Each script takes two inputs: 'dataset' and 'pseudotime_mode':

'dataset' is the name of the dataset, e.g. 'guo2010'. The preprocessed data are saved as a mat file in the intermediate directory.

'pseudotime_mode' is set to be 0 (default), if the temporal information is provided (i.e., the second row contains 'Stage'), or 1 if the temporal information needs to be inferred computationally. SCUBA uses the principal curve analysis to infer temporal information, but the results should be used with caution. Since principal curve analysis cannot identify the directionality of time, it may be worthwhile to run SCUBA on both the original and reversed time order.

Run SCUBA

SCUBA is the main function. It has two arguments: 'dataset' and 'cluster_mode'. 'dataset' refers to the name of the dataset, which is also the name of the data folder. 'cluster_mode' refers to the method for clustering. It can have three values. 'original' -- using the Euclidean distance; 'pca' -- convert the data to principal components then apply Euclidean distance; 'pca2' — similar to 'pca' but PCA analysis is based on samples in the final cell-stage (used in our paper).

SCUBA has two main steps. In the first step, we infer the cellular hierarchy, using a binary tree model. For simplicity, we only consider steady-state attractors. In the second step, we quantitatively model the dynamics in the reduced state space along each bifurcation direction, using a potential V(x) to characterize gene expression dynamics associated with each bifurcation event.

Step 1. Inference of cellular hierarchy using dynamic clustering

initial_tree.m — This function provides an initial estimate the cellular hierarchy, using a series of k-means clustering.

refine_tree.m — this function refines the tree structure by maximizing the penalized likelihood function (Equation 1 in the paper).

Step 2. Bifurcation analysis

bifurcation_direction.m — Infer the direction associated with each bifurcation and project data along the bifurcation directions.

bifurcation_analysis.m — Infer the dynamical changes of gene expression patterns along the bifurcation direction by fitting a Fokker-Planck equation.

reductionSimulations.m — Function to predict the effects of perturbing potential regulators in the lineage bias.

For each dataset, the results are deposited in the following three directories: intermediate_files, containing intermediate results from the analysis. figures, containing jpg figures of the analysis. results, containing the final results of the analysis.

Examples

Example 1: Analysis of qPCR data in Guo et al. "Resolution of cell fate decisions revealed by single-cell gene expression analysis from zygote to blastocyst.". Dev Cell. 2010 Apr 20;18(4):675-85.

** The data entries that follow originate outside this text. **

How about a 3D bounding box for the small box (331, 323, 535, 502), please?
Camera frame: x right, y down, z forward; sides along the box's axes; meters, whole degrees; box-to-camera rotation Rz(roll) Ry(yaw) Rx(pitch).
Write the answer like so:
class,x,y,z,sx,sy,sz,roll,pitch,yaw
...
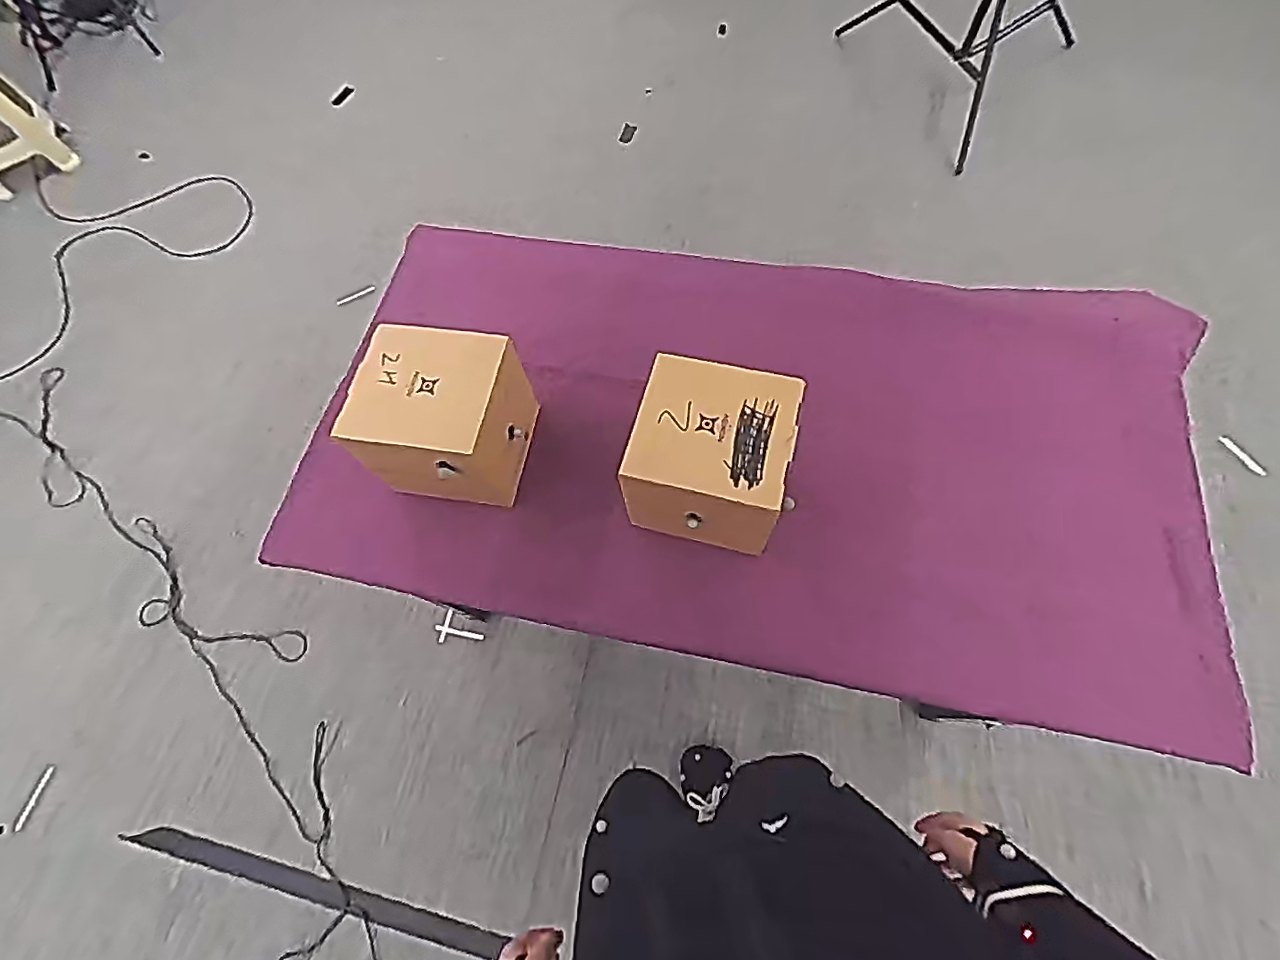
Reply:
class,x,y,z,sx,sy,sz,roll,pitch,yaw
small box,-0.252,-0.080,0.712,0.179,0.176,0.168,7,66,7
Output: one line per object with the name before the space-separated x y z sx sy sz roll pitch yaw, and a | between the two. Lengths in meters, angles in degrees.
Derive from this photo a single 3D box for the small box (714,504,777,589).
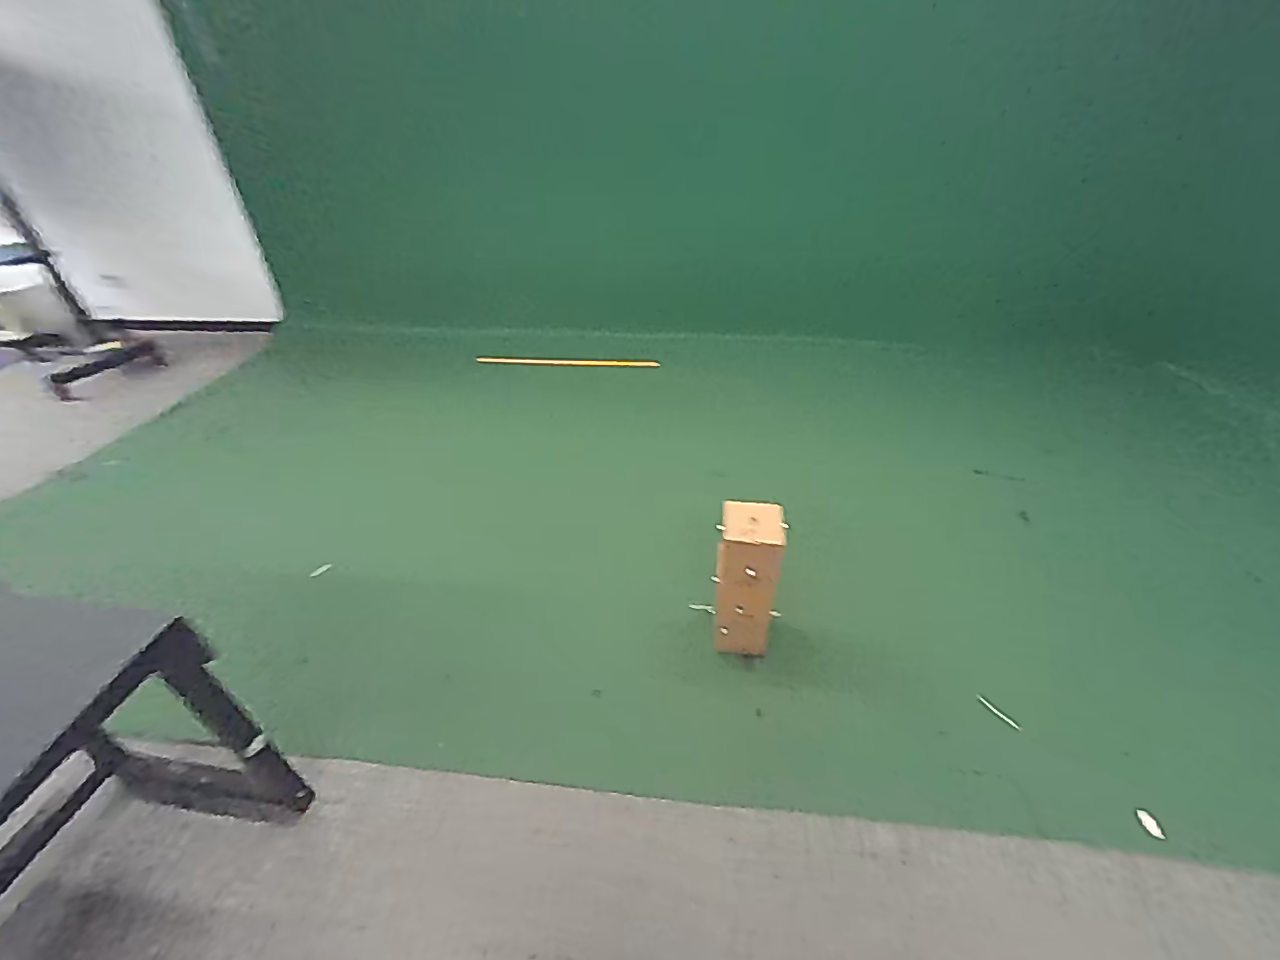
small box | 0.309 0.196 1.608 0.168 0.176 0.179 4 36 6

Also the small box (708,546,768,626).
small box | 0.302 0.332 1.701 0.168 0.176 0.179 4 36 5
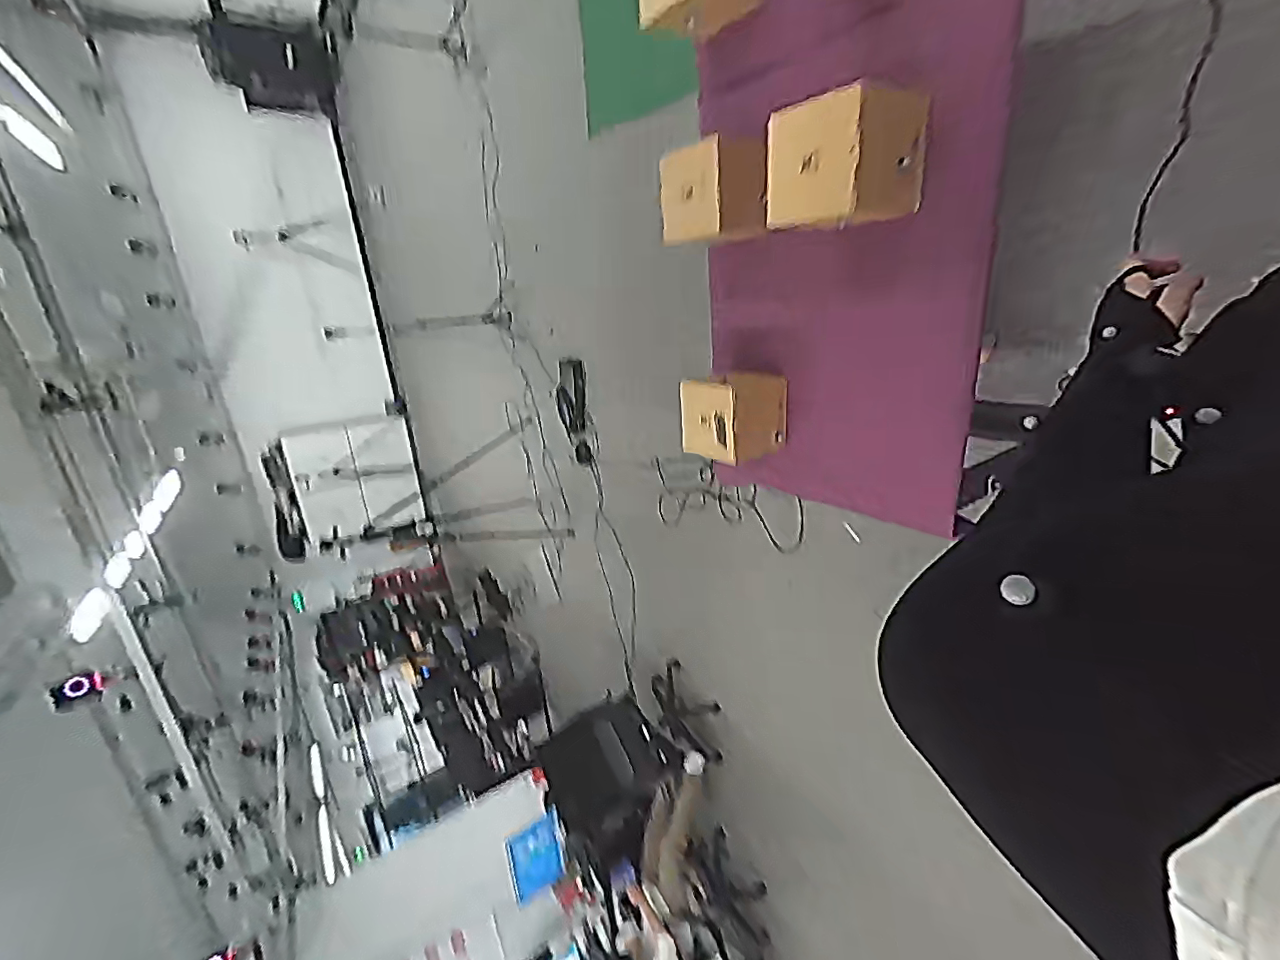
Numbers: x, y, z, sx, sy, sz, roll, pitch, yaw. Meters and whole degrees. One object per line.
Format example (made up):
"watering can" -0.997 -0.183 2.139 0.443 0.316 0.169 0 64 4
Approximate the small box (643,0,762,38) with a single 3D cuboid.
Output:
"small box" 0.117 -0.970 1.015 0.179 0.176 0.168 20 123 52

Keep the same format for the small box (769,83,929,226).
"small box" 0.336 -0.517 0.887 0.179 0.176 0.168 24 123 53

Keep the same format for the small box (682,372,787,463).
"small box" 0.220 -0.152 1.244 0.179 0.176 0.168 21 121 52

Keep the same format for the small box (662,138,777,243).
"small box" 0.167 -0.591 1.125 0.179 0.176 0.168 21 122 51

>> PCR_preprocess('guo2010');
>> SCUBA('guo2010')

Example 2: Analysis of RNAseq data in Deng et al. " Single-cell RNA-seq reveals dynamic, random monoallelic gene expression in mammalian cells." Science. 2014 Jan 10;343(6167):193-6.

>> RNAseq_preprocess('deng2014');
>> SCUBA('deng2014')

Example 3: Analysis of Mass Cytometry data in Bendall et al. " Single-cell trajectory detection uncovers progression and regulatory coordination in human B cell development." Cell. 2014 Apr 24;157(3):714-25.

>> select_marker_names = {'CD10','CD117','CD179a','CD179b','CD19','CD20',...
    'CD24','CD34','CD38','CD45','CD72','CD79b','HLADR','IgD','IgM-i','IgM-s','Kappa','Lambda'};
>> MassCytometry_preprocess('bendall2014', select_marker_names, 'Rprincurve', 'CD34', 9)
>>  SCUBA('bendall2014')
>> plotGeneProfiles('bendall2014', {'CD19', 'CD20', 'CD34', 'CD10', 'CD38'})

Change log

July 17, 2015. Updated PCR_Preprocess.m and RNAseq_Preprocess.m. In the original version, running pseudotime estimate would cause an error because it assumes the input contains cell_stage information. This error is now fixed.

Updated bifurcation_analysis.m. The potential is calculated only if there are sufficient cells in all relevant clusters.

April 18, 2016. Updated README.md (this file).

Updated the 'EstimatePseudotime.m' to prevent an R runtime error.